▶ _LISTED RECORDS_:
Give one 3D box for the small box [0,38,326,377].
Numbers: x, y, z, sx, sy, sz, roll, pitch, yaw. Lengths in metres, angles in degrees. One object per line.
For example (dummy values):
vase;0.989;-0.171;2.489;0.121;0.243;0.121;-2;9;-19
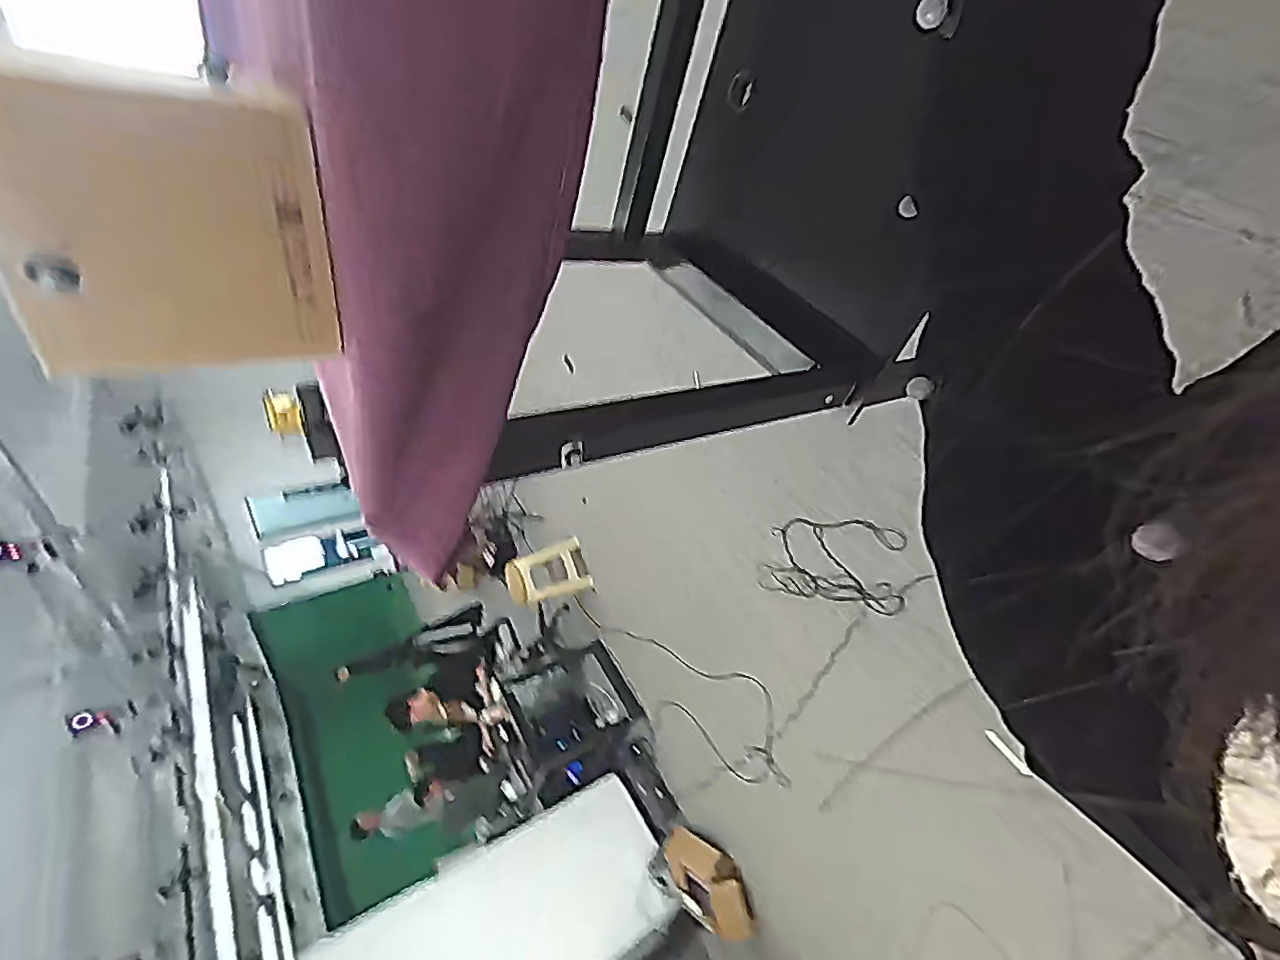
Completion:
small box;-0.336;-0.189;0.382;0.179;0.176;0.168;46;137;39

▶ _YOUR INSTRUCTIONS_:
Print the data above exactly; drop every picture.

▶ _WORKED SOLUTION_:
Give one 3D box for the small box [0,38,326,377].
Numbers: x, y, z, sx, sy, sz, roll, pitch, yaw. Lengths in metres, angles in degrees. One object per line.
For example (dummy values):
vase;0.989;-0.171;2.489;0.121;0.243;0.121;-2;9;-19
Completion:
small box;-0.336;-0.189;0.382;0.179;0.176;0.168;46;137;39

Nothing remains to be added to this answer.